▶ **WHAT YOU ARE ASKED TO DO**
Copy every line below that has the word "radius" in it.

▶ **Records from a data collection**
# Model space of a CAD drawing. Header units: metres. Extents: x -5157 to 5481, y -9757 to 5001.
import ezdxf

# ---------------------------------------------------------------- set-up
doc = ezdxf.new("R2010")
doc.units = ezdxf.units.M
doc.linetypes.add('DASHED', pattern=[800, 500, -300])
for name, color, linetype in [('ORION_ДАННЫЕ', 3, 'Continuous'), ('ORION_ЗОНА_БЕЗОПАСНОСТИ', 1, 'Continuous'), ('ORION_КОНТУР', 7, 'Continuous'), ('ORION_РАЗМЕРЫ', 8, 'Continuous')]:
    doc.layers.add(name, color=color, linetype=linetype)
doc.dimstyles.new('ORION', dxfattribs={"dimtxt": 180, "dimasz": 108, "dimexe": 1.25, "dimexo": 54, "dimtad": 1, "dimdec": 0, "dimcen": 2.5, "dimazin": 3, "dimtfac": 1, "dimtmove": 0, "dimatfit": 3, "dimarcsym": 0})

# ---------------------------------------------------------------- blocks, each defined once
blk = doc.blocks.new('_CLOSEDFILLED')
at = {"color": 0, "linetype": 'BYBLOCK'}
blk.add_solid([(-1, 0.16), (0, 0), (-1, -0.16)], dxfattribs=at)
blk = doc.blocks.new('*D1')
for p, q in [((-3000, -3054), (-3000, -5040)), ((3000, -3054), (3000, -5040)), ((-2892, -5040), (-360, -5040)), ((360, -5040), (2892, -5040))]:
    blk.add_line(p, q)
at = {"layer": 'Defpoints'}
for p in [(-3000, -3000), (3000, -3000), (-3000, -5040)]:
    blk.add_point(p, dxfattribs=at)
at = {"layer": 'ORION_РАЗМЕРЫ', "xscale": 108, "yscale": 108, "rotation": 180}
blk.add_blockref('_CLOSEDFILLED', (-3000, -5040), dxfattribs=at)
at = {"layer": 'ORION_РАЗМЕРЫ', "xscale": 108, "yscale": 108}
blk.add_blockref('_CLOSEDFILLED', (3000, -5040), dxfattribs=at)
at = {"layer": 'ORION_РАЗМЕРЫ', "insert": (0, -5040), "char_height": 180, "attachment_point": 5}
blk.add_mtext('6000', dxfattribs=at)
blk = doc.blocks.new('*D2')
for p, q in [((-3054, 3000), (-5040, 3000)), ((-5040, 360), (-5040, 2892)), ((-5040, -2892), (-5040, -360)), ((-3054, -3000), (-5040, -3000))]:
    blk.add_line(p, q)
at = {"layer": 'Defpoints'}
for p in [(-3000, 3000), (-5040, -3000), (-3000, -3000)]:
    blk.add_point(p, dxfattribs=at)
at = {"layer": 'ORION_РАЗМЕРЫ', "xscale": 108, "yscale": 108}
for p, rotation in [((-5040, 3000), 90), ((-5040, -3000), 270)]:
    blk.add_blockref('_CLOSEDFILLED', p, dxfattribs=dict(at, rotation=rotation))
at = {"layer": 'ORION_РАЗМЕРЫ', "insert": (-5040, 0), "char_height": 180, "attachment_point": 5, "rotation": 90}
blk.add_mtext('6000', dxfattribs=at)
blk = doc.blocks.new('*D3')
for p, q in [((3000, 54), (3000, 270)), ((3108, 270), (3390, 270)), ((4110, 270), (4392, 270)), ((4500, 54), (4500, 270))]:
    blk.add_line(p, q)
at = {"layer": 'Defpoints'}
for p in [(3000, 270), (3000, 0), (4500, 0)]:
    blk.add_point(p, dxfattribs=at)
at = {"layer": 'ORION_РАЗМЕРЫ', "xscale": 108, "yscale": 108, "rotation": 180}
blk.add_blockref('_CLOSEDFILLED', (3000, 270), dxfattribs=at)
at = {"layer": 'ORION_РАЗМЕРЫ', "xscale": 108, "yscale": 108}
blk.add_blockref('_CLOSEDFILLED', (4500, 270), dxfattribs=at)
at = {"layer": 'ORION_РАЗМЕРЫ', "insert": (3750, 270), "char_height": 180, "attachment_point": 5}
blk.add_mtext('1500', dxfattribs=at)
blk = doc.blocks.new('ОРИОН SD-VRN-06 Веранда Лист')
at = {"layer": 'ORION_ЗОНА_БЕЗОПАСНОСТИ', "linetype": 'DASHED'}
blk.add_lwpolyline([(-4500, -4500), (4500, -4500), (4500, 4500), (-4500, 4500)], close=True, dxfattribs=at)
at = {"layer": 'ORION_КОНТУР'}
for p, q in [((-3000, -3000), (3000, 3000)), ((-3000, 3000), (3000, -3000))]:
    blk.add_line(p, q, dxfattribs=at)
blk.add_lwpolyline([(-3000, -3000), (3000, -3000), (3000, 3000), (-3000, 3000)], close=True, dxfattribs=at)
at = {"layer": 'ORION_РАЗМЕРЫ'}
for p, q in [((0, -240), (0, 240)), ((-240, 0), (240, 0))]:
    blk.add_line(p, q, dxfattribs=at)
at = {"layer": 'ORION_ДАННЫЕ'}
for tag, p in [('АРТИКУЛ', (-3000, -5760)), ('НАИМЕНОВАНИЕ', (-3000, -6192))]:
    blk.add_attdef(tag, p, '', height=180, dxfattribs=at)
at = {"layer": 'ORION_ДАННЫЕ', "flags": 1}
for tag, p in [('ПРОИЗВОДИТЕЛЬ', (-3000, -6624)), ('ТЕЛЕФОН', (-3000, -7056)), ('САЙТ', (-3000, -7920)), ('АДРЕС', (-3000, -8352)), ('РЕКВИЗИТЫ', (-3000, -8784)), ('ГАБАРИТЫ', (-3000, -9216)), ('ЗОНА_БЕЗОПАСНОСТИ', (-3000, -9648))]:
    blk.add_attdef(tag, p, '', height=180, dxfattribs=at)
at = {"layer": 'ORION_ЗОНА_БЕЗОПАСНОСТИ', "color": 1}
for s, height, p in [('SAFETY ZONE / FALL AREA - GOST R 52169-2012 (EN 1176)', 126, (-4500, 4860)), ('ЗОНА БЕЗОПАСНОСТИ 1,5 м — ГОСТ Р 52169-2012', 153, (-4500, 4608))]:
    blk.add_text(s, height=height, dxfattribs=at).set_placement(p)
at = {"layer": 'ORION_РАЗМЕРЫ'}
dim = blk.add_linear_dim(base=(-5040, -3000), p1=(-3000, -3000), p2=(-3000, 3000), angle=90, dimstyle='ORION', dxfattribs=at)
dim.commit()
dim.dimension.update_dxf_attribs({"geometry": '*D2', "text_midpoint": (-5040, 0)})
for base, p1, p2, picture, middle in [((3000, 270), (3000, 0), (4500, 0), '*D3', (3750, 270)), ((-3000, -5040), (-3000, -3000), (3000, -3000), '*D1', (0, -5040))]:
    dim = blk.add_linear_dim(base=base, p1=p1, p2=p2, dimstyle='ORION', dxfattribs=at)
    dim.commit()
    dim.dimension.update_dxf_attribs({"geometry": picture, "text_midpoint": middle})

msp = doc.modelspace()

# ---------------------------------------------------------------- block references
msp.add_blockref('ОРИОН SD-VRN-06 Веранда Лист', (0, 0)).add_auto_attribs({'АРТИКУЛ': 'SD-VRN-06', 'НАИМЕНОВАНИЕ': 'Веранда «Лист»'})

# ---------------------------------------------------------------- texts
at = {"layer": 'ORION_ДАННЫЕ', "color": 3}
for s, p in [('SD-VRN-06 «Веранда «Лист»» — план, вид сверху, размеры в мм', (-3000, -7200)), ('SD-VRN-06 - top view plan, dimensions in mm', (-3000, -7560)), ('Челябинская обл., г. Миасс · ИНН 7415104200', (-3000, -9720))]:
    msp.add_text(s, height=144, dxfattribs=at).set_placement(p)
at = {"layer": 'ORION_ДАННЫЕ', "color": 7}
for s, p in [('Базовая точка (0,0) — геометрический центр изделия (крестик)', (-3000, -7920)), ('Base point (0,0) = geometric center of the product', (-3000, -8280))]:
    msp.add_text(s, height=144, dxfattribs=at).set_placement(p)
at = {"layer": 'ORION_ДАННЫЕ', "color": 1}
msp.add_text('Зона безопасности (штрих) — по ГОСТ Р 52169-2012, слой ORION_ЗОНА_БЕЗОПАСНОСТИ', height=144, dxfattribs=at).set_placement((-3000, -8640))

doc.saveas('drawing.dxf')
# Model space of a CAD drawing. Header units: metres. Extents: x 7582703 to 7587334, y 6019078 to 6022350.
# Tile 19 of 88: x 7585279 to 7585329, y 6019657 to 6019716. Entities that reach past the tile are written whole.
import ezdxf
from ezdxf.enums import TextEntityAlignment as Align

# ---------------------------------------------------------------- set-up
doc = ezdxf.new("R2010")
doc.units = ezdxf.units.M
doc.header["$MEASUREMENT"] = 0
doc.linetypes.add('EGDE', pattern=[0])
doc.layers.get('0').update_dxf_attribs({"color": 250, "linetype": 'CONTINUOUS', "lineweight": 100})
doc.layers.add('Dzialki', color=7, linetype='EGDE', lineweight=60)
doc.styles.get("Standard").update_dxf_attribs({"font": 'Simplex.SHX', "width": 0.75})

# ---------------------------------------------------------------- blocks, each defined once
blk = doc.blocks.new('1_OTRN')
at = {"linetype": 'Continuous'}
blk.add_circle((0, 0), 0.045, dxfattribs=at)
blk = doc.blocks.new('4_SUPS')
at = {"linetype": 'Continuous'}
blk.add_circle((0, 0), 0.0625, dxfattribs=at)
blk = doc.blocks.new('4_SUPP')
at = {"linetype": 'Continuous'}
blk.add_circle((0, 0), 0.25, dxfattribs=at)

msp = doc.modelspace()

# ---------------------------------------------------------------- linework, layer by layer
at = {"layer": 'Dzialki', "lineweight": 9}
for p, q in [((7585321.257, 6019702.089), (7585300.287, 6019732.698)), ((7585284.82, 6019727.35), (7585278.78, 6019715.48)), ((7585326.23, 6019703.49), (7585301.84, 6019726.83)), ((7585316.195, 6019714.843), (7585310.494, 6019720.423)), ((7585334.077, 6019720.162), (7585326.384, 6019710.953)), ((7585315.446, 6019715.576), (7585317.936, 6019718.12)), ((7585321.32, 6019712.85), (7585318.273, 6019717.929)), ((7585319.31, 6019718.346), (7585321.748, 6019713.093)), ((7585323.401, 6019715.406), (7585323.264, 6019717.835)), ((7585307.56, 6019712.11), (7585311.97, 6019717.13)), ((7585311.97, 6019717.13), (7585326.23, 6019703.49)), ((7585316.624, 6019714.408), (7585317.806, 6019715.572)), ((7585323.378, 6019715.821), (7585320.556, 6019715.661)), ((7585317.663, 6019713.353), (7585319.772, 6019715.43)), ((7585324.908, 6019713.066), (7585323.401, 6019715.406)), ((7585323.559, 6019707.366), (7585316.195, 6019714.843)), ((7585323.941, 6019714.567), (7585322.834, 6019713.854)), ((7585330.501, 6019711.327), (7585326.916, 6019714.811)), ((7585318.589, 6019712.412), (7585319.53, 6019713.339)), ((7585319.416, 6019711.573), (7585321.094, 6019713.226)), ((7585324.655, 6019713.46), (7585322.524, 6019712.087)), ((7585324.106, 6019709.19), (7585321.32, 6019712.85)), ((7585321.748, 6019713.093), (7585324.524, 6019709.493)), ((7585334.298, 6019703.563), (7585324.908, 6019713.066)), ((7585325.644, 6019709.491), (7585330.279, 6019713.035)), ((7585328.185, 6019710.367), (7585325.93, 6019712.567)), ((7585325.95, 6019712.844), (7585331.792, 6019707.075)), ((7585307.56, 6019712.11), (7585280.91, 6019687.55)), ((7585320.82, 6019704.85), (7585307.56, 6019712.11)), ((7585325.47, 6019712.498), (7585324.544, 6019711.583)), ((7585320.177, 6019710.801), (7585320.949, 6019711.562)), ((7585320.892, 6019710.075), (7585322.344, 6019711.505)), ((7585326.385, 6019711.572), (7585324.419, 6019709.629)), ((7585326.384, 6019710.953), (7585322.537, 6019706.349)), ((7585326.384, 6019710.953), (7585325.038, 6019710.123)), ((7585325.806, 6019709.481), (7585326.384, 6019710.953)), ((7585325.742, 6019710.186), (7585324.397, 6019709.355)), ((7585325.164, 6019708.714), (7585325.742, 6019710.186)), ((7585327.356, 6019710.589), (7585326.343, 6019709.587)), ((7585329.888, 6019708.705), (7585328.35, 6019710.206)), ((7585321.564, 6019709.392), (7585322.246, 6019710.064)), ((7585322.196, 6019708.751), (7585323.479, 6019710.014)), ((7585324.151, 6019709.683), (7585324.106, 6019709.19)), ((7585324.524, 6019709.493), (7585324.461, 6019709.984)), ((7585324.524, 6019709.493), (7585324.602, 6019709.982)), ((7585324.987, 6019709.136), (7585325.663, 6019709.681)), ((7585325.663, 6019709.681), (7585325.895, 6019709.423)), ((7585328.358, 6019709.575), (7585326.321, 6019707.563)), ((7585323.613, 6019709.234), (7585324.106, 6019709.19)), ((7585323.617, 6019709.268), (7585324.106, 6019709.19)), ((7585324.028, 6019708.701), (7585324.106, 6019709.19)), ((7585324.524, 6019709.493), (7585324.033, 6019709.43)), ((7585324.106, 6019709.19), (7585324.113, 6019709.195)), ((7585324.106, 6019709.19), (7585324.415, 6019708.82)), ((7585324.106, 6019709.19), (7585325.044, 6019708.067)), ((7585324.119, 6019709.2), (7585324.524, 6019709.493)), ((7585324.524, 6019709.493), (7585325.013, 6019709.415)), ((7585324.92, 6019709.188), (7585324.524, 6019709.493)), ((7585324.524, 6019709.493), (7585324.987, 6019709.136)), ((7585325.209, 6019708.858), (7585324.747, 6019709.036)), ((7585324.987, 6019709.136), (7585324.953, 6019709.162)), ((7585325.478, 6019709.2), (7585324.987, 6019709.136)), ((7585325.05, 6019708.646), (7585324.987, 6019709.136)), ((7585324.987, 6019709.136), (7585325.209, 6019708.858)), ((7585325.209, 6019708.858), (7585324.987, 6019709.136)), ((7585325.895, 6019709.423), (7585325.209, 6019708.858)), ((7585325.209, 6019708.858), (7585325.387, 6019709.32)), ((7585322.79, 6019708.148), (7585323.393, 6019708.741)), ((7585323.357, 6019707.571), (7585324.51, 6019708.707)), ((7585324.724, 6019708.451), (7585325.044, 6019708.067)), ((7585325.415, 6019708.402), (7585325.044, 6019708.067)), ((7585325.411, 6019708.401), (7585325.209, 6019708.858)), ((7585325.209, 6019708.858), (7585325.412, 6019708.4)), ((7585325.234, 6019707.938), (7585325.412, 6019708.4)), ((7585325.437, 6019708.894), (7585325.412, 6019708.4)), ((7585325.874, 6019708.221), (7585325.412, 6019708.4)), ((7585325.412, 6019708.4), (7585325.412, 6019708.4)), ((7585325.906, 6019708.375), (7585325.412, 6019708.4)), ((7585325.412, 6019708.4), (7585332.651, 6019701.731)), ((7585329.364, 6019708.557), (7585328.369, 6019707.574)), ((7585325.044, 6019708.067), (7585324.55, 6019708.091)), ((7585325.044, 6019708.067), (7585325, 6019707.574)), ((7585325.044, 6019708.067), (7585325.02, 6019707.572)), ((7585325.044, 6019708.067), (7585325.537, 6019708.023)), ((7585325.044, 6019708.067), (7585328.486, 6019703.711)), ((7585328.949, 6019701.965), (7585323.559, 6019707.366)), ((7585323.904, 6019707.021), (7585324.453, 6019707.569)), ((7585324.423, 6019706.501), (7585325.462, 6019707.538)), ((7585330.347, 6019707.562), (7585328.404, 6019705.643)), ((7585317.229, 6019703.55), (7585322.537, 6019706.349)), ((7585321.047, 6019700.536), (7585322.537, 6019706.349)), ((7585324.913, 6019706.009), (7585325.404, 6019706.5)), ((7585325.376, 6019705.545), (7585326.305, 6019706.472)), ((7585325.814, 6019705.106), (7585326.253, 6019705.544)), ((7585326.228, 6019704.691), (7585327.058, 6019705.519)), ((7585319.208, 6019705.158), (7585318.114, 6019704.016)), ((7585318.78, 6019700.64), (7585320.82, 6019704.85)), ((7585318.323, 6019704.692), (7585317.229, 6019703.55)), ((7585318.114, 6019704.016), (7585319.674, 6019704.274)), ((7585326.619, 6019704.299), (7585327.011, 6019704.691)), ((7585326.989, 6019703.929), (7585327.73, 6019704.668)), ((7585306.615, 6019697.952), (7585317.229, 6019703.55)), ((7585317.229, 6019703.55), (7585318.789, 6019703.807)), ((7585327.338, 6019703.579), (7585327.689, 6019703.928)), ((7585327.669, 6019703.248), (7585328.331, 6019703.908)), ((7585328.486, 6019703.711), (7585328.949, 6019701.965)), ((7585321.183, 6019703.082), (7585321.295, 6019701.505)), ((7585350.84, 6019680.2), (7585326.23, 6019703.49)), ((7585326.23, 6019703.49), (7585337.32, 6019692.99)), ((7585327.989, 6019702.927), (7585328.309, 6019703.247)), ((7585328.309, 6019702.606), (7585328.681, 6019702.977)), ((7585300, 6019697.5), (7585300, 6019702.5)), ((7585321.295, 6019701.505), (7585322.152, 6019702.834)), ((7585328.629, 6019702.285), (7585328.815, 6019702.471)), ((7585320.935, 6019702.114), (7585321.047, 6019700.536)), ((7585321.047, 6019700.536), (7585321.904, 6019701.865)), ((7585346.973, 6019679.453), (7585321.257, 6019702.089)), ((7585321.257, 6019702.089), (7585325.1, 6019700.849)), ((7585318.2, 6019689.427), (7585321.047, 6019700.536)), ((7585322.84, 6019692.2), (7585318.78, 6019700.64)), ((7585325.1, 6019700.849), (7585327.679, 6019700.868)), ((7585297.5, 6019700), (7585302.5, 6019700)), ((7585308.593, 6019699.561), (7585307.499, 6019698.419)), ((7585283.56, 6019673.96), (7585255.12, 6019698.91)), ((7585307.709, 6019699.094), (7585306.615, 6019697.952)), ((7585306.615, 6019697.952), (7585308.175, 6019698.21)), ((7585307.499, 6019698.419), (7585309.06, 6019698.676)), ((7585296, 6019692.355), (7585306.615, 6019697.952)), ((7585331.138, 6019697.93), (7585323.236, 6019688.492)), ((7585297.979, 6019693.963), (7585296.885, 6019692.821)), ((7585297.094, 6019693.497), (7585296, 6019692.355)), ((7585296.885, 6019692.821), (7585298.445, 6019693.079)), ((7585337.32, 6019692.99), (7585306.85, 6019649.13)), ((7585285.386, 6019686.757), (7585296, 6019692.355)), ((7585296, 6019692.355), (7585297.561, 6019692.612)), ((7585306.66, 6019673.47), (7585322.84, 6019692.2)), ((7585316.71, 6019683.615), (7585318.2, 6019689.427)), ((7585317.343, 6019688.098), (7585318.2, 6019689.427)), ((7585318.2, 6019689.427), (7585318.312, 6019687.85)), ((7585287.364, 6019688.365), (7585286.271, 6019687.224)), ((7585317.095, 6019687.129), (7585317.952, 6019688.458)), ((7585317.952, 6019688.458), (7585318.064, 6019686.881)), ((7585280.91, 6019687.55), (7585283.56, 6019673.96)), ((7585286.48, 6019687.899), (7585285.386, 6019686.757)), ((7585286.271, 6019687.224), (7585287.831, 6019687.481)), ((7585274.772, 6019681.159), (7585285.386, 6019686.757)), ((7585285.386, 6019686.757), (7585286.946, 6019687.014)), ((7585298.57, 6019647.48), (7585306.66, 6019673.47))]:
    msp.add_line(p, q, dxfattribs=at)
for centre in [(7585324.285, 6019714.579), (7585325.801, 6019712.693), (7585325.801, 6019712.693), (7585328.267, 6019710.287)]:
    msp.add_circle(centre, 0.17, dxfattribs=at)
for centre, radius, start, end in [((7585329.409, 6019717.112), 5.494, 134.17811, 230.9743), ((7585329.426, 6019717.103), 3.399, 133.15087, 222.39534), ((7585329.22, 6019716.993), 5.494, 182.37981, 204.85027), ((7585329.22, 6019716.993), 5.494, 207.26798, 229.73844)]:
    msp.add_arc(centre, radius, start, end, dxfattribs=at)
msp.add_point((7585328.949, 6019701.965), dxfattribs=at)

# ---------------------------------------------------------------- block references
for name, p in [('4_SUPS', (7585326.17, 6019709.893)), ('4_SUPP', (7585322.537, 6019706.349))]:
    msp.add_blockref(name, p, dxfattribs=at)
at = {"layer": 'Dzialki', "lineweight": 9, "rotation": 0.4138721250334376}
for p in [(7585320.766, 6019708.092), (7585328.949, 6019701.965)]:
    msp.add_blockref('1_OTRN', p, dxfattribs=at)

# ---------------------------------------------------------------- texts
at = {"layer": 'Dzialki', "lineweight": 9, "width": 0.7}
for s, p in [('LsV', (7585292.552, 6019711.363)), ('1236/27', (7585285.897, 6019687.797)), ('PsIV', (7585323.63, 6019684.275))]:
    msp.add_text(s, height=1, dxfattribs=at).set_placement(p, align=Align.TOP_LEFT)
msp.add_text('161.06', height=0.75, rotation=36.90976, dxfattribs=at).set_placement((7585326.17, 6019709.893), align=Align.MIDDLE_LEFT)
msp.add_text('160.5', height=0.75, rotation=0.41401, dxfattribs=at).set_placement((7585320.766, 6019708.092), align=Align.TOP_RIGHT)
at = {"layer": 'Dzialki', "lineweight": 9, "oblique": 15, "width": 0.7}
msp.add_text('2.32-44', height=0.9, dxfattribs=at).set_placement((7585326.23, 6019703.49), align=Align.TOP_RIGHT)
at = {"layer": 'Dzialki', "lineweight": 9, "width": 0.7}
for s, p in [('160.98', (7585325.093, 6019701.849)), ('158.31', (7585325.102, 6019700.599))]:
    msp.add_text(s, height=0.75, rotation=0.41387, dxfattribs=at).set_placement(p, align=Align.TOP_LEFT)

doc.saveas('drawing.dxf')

▶ **COMPLETED EXERCISE**
for centre, radius, start, end in [((7585329.409, 6019717.112), 5.494, 134.17811, 230.9743), ((7585329.426, 6019717.103), 3.399, 133.15087, 222.39534), ((7585329.22, 6019716.993), 5.494, 182.37981, 204.85027), ((7585329.22, 6019716.993), 5.494, 207.26798, 229.73844)]:
    msp.add_arc(centre, radius, start, end, dxfattribs=at)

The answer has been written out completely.